Whereas he can argue stamp duty changes "are to the benefit of first time buyers" till the cows come home! Could be a surprsise or two in a give away budget......
 
I am not sure that the prices will go down and houses market will collapse very soon, but the fact that prices will not be growing (or growing very slow) is almost certain.
And that effectivle means that investors will stop investing into property that much, which will reduce the demand by 20-40%.
So, in long term perspectives (5-10 years) prices will go down for sure.
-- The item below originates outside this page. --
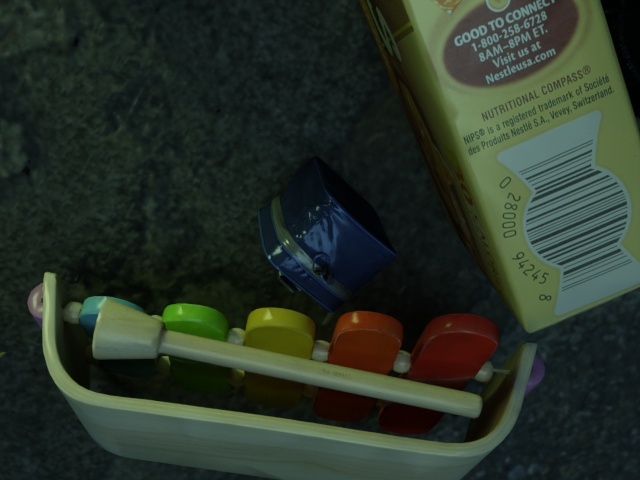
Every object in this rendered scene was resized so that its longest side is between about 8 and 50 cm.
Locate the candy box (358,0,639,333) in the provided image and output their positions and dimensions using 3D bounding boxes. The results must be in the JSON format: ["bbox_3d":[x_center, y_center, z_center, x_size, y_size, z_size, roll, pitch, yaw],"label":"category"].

Prices are going up because prices are going up and everyone believes prices will continue to go up ad infinitum...

Ahem, or used to...
 
I'm opening a book on when Mr.Dunne (Sean) will start on his D4 Manhattan Style Developement - remember the one he paid €50m+ an acre for.

Current Odds -:

Never : No bets taken

Less than 1 year : 1000/1

1-3 years : 900/1

3-5 years : 800/1

5-10 years : 750/1

10 to 20 years : 100/1
 
Well Mr. Dunne can afford to sit on his 'asset' and do nothing!! :D

Would it be correct to assume that most of the money that he has invested is not his own. It has either been borrowed or is from investors. More than likely he has very few assets in his own name. So even if there was a crash and the value of his portfolio dropped, he could afford to just walk away and let the others take the hit.
 
I'm opening a book on when Mr.Dunne (Sean) will start on his D4 Manhattan Style Developement - remember the one he paid €50m+ an acre for.

Current Odds -:

Never : No bets taken

Less than 1 year : 1000/1

1-3 years : 900/1

3-5 years : 800/1

5-10 years : 750/1

10 to 20 years : 100/1

I think that the development only 'washed its face' at approx €1,000,000 per flat, and I think that AIB retain a lease on part of the site for the next 4 years. I don't think he will be making to many off plan sales in the current climate.